The crash in 2000 did not really register on the price of gold or resource stocks. They were already at extreme lows and didn’t have much room to go down further. The situation is similar today. Despite the multi-year rally in general equities, resource stocks are still at lows last seen in the early 2000s. The price of gold in real terms (using Shadow Stats alternate inflation rate) is near what it was in 2000. So resource stocks, and possibly gold, don’t have much room to go down from here, especially compared to 2008 when the resource sector had already been in a multi-year bull market with lots of room to go down.
The chart below highlights the relative price of gold stocks compared to the S&P 500.

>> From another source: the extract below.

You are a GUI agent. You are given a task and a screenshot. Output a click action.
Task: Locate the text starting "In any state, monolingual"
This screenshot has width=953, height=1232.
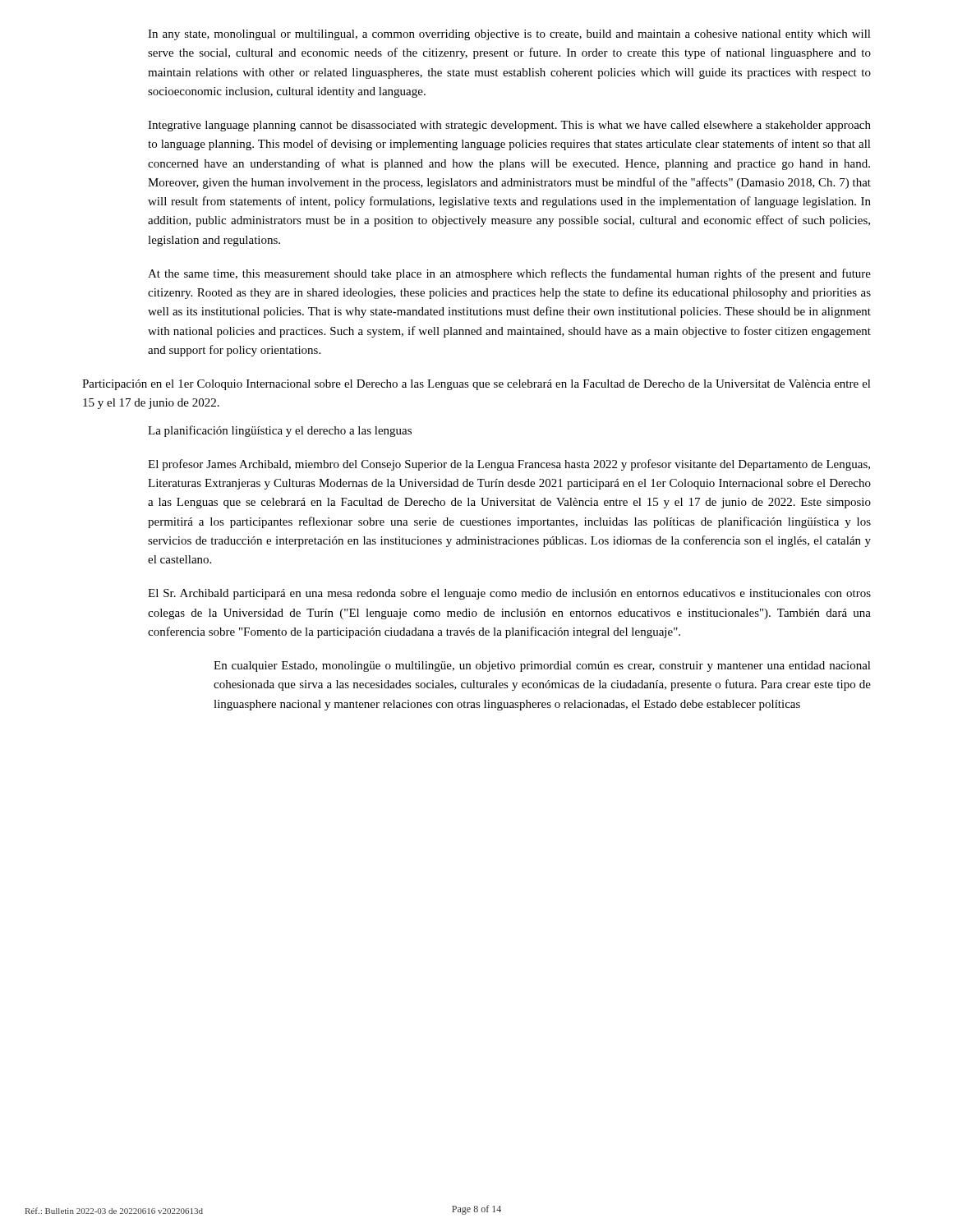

Note the difference between now, 2008, and 2000.

Source: StockCharts.com

Also, note the price of gold relative to the S&P 500 during the crashes of 2000 and 2008. In 2000 gold held its value pretty well. In 2008, despite a volatile couple months, gold ended up doing very well compared to the S&P 500 as you can see from the spike.

Source: StockCharts.com

The picture I’m painting for you is that holding gold should benefit you during the next market meltdown. Take a look at the last 6 months of the S&P 500, VIX, and gold price. In three of the four spikes in volatility, gold has gone up. And despite the rising S&P 500, the price of gold is holding up. Is this foreshadowing what’s to come? 

Maybe gold will finally start acting like the safe haven we expect it to be?

Source: Stockcharts.com

If the gold price does well, gold stocks should hold up. Should. After all, gold stocks are stocks too and could get swept into the selling, especially if margin calls force investors to sell anything they can. 

To be safe, I have been buying puts on the S&P 500 to hedge my portfolios. If the S&P 500 crashes, my clients will be pleasantly surprised.

A critical part of this hedge is buying the puts (insurance) as cheaply as possible so that the cost is a mere fraction of the account value. That way if a crash doesn’t occur, the cost is small and can be made up elsewhere.  With volatility so low right now, the cost of this insurance is low too.

When I go through this hedging strategy with some people, they want to bet big on it because they are convinced the market will crash.  That is a mistake.  The key to this hedge is being able to keep it going as long as possible which means not being greedy and spreading out your cash out over a longer time frame. 

There is one fly in the ointment of the argument for the market being on the edge of a collapse.  As I said in the beginning, many people, too many, are talking about the overvaluation of the market and the likelihood of a pullback. That means many people are short and could be forced to cover if their timing is wrong. This would cause a huge short squeeze taking stocks even higher. Even so, this should be temporary and set the stage for an even bigger decline.

In summary, I believe the general stock market is due for a pullback in the months and years to come. If or when this happens, I expect gold to hold up well. Resource stocks being stocks may not hold up as well. Purchasing protective puts on the S&P 500 is one way to benefit from market turbulence and potentially offset losses associated with a general equity sell off.